3.7 Attention should also be drawn to s. 11 of the 1990 Act which provides for a mechanism whereby secured property of a company in examinership can be sold subject to an entitlement on the part of the security holder to obtain the proceeds of sale (and a top up as determined by the court if the court should view the sale as being at less than market value). Counsel for the Banking Syndicate argued that the scheme contained within s. 11 of the 1990 Act implies an intention that the position of secured creditors is special.
3.8 I am not, however, sure that s. 11 casts much light on the question which I have to answer. However, to the extent that it does, it seems to me that an analysis of s. 11 favours the argument put forward by both the examiner and McInerney rather than that advanced by the Banking Syndicate. If there were no s. 11, then a company in examinership, which required to dispose of an asset which was mortgaged to a bank, would have no means of so doing without the consent of the bank. Section 11 allows the bank concerned to be required to give up its security over the asset provided it receives the value of its security. Admittedly, the bank remains an unsecured creditor for any balance outstanding, but that does not take away from the fact that s. 11, in its terms, permits a bank to be required to give up its security. Given that the bank could not be required to give up its security during the course of an examinership were it not for s. 11, it seems to me that the section does no more than facilitate what may turn out to be a necessary asset sale in circumstances where otherwise the relevant bank would have a veto.
3.9 I am persuaded that the analogy with s. 201, though far from complete, is of some significant assistance. The description of the type of arrangement covered by s. 201 is in similar language to the relevant parts of the 1990 Act save for those aspects of the respective schemes (which have been analysed earlier) which are materially different. If, as the well settled jurisprudence of the courts shows, it is possible to deprive a minority of a class of secured creditors of its security on less than full payment as a result of the adoption of a scheme under s. 201, it seems to me to follow that the use of similar terminology in the 1990 Act implies a jurisdiction to do the same thing provided that the (admittedly different) criteria and circumstances specified in the 1990 Act are met.

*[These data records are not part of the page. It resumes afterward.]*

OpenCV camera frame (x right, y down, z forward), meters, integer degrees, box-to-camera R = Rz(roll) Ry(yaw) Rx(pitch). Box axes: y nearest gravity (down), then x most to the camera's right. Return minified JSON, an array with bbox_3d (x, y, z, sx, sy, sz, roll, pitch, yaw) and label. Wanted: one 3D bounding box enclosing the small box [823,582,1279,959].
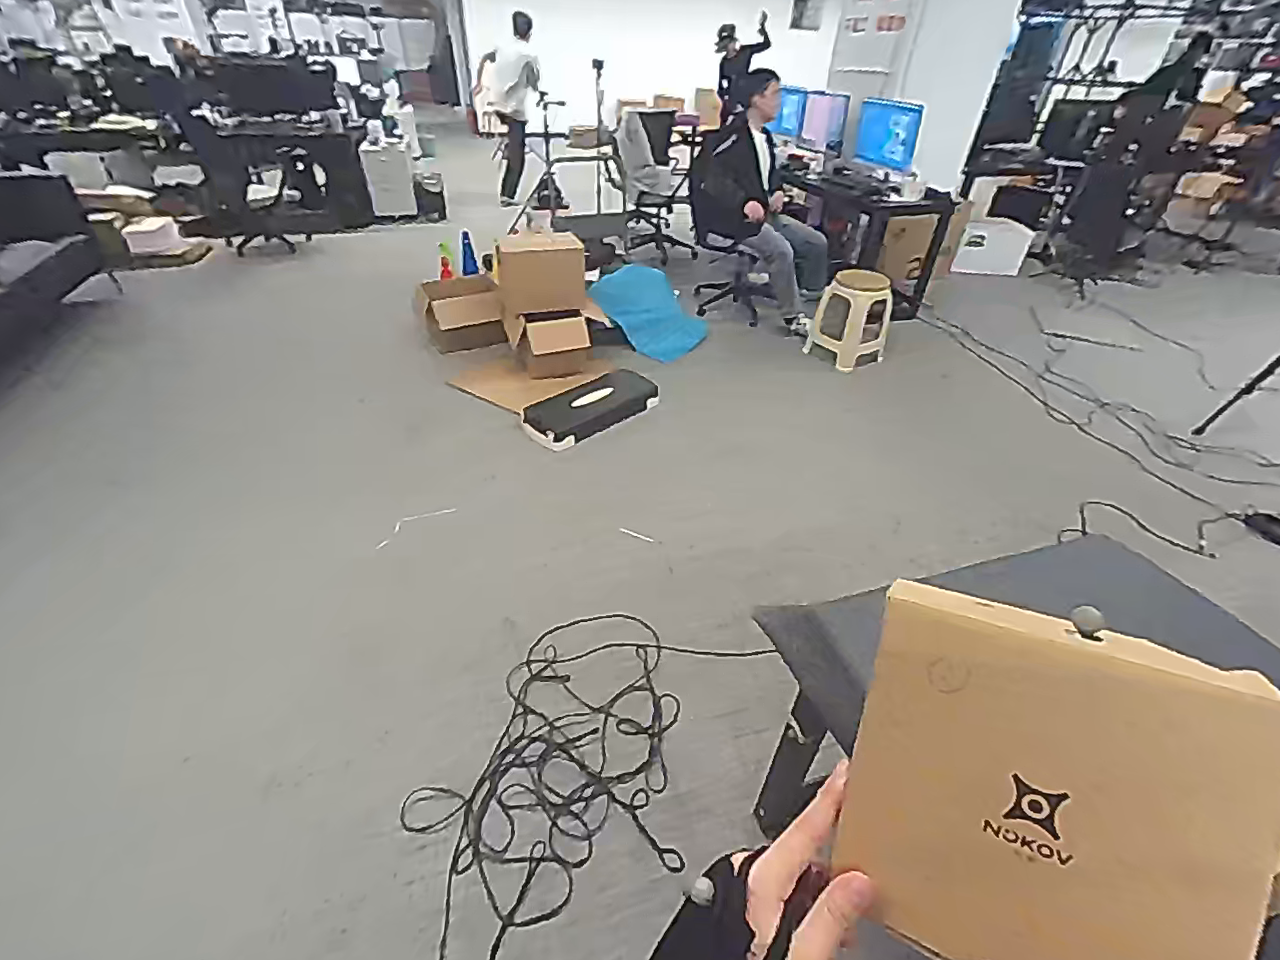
[{"bbox_3d":[0.222,0.170,0.332,0.168,0.179,0.176,12,1,26],"label":"small box"}]
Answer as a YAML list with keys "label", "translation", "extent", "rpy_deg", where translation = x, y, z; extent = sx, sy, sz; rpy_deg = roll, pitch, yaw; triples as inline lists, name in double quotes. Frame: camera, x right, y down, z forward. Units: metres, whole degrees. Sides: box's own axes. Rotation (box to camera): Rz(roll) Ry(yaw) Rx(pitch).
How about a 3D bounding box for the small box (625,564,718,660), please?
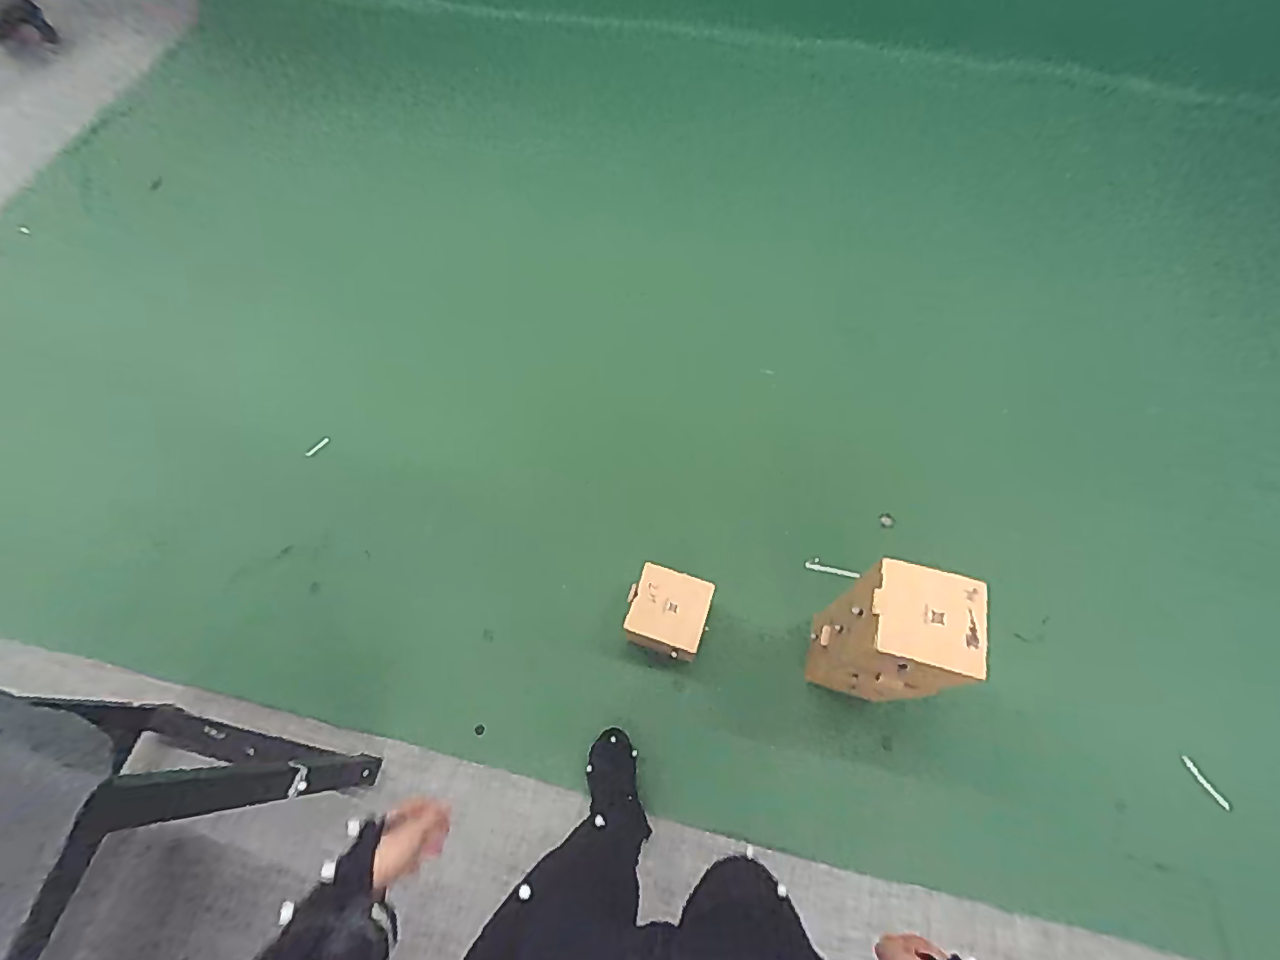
- label: "small box"
  translation: [0.074, 0.324, 1.303]
  extent: [0.179, 0.176, 0.168]
  rpy_deg: [17, 66, 9]

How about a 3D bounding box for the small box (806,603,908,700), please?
- label: "small box"
  translation: [0.507, 0.403, 1.258]
  extent: [0.179, 0.176, 0.168]
  rpy_deg: [15, 67, 8]

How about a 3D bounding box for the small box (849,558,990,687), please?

3.10 At the end of the day, secured creditors are still creditors. All creditors are required to take pain (and often very significant pain) in cases where a scheme of arrangement under the 1990 Act is approved. There seems to me to be no reason in principle why the terms of the 1990 Act cannot apply equally to secured creditors. It is, of course, the case that in assessing whether a scheme is fair or “unfairly prejudicial” the court must have regard to the secured status of such creditors and the fact that that enhanced status places those creditors in an advantageous position in any alternative scenario such as liquidation or receivership. However, that is an issue going to the merits of a particular scheme rather than an issue which goes to the jurisdiction of the court to approve a scheme which involves the writing down of the debt of a secured creditor.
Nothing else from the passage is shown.